_Prompt:_ The entries below contain a stretch that opens with the line containing "Answer: Flight booking" and closes with the line containing "Answer: 3:17 When"; set down that stretch exactly, both ends included, and nothing else.

Input for this task Start Marker

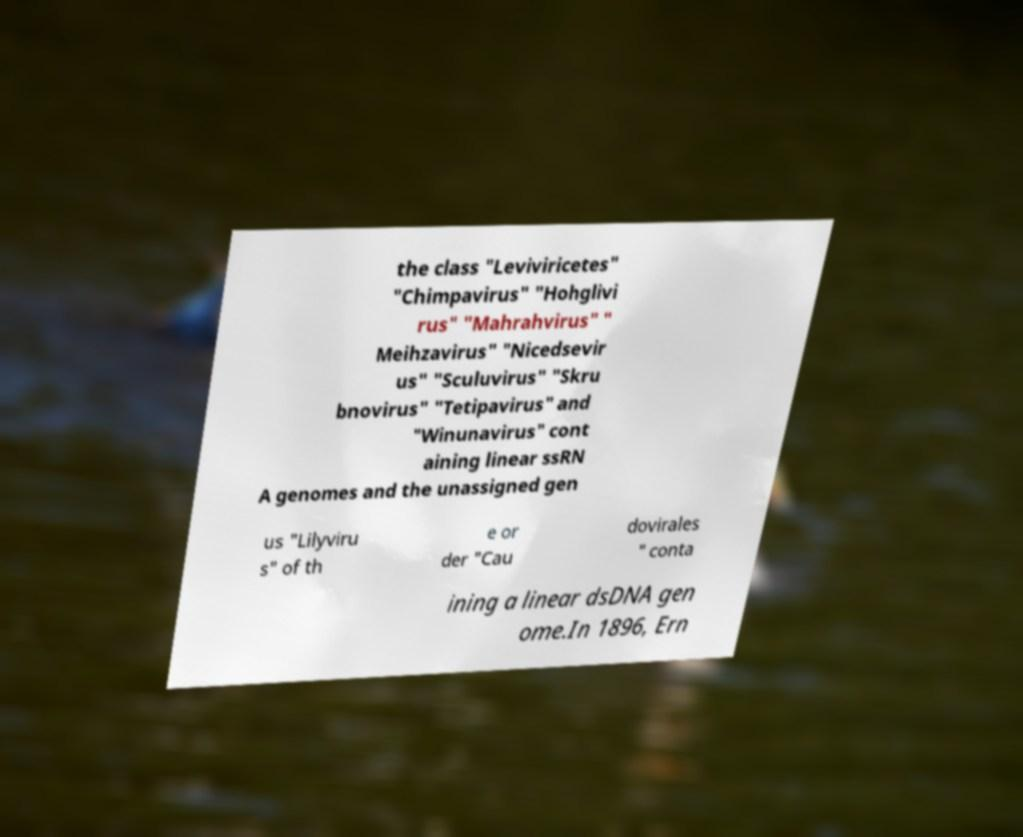Please read and relay the text visible in this image. What does it say? the class "Leviviricetes" "Chimpavirus" "Hohglivi rus" "Mahrahvirus" " Meihzavirus" "Nicedsevir us" "Sculuvirus" "Skru bnovirus" "Tetipavirus" and "Winunavirus" cont aining linear ssRN A genomes and the unassigned gen us "Lilyviru s" of th e or der "Cau dovirales " conta ining a linear dsDNA gen ome.In 1896, Ern 
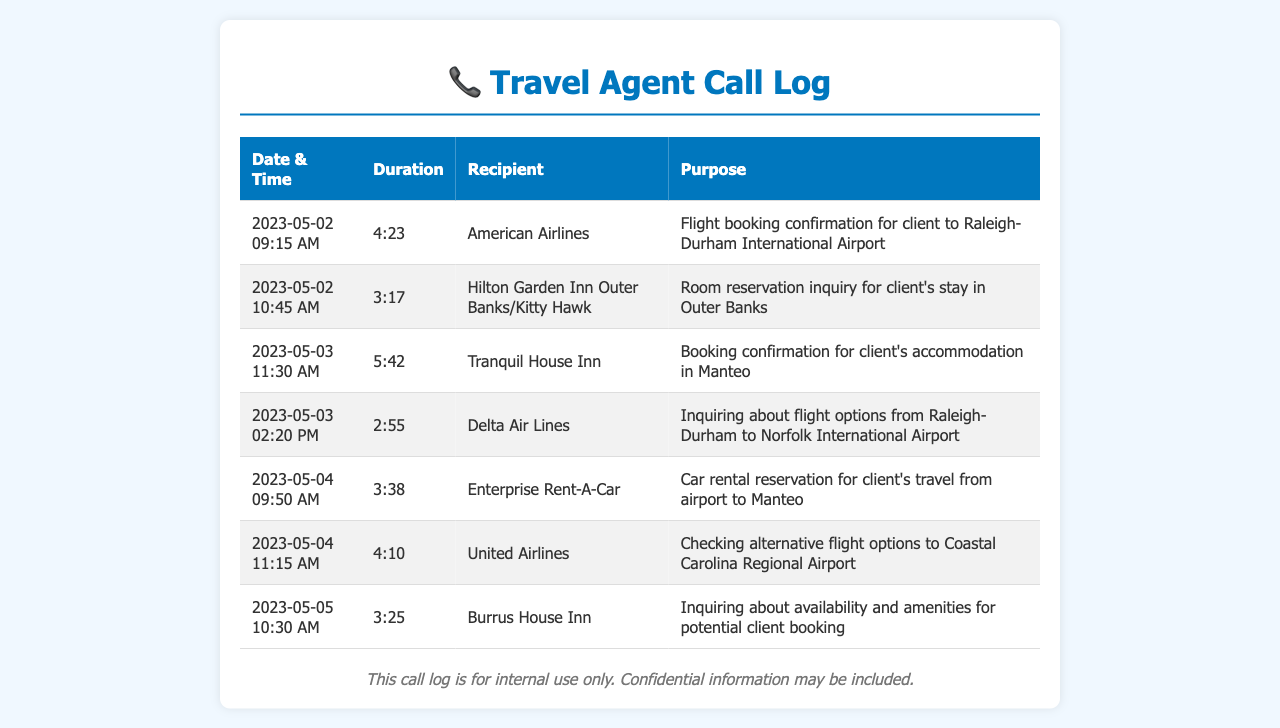What was the purpose of the call to American Airlines? The purpose was to confirm a flight booking for a client to Raleigh-Durham International Airport.
Answer: Flight booking confirmation for client to Raleigh-Durham International Airport How long was the call to Hilton Garden Inn Outer Banks/Kitty Hawk? The duration of that call was indicated in the document, which shows the time spent on the call.
Answer: 3:17 When was the booking confirmation call made to Tranquil House Inn? The document lists the date and time of each call, including the booking confirmation call.
Answer: 2023-05-03 11:30 AM Which hotel was contacted on May 5th, and what was discussed? The document contains details about each call, including the hotel's name and the purpose of the conversation.
Answer: Burrus House Inn; availability and amenities for potential client booking What was the duration of the call to Enterprise Rent-A-Car? The document provides specific information about the duration of each call made.
Answer: 3:38 What type of call was made to Delta Air Lines? The document categorizes the calls and identifies their purposes, showing the inquiry nature of this call.
Answer: Inquiring about flight options from Raleigh-Durham to Norfolk International Airport How many calls were made to airlines in total? By counting the entries related to airlines, you can determine the number of calls made.
Answer: 4

Input for this task End Marker

_Solution for this task:_
Answer: Flight booking confirmation for client to Raleigh-Durham International Airport How long was the call to Hilton Garden Inn Outer Banks/Kitty Hawk? The duration of that call was indicated in the document, which shows the time spent on the call.
Answer: 3:17 When was the booking confirmation call made to Tranquil House Inn? The document lists the date and time of each call, including the booking confirmation call.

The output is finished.